◆ WHAT TO DO: Could you print, exactly as they stand, the lines from the one holding "Now for the toothpaste" to the end of the data below, and nothing more?
------ RECORDS FOR THE EXERCISE
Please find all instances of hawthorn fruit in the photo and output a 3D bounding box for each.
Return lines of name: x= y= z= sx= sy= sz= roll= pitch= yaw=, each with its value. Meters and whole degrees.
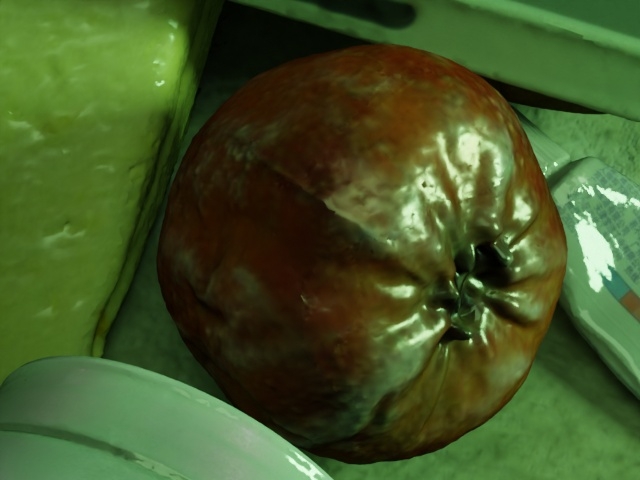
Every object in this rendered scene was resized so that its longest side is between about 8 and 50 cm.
hawthorn fruit: x=0.000 y=0.000 z=1.072 sx=0.272 sy=0.242 sz=0.242 roll=20 pitch=60 yaw=44

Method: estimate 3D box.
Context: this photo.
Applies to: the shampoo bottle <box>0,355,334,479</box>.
shampoo bottle: x=-0.118 y=0.218 z=0.907 sx=0.273 sy=0.273 sz=0.266 roll=21 pitch=56 yaw=11

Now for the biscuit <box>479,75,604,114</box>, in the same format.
biscuit: x=0.128 y=-0.162 z=1.222 sx=0.215 sy=0.034 sz=0.182 roll=25 pitch=47 yaw=14

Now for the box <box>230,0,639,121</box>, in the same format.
box: x=0.083 y=-0.268 z=1.177 sx=0.367 sy=0.090 sz=0.373 roll=15 pitch=50 yaw=-14

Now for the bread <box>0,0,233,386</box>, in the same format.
bread: x=-0.249 y=-0.039 z=1.187 sx=0.346 sy=0.242 sz=0.405 roll=8 pitch=95 yaw=1

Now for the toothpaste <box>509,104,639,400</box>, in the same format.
toothpaste: x=0.200 y=0.025 z=1.131 sx=0.099 sy=0.068 sz=0.282 roll=-45 pitch=78 yaw=12
------------
◆ SOLUTION FOR THIS TASK:
Now for the toothpaste <box>509,104,639,400</box>, in the same format.
toothpaste: x=0.200 y=0.025 z=1.131 sx=0.099 sy=0.068 sz=0.282 roll=-45 pitch=78 yaw=12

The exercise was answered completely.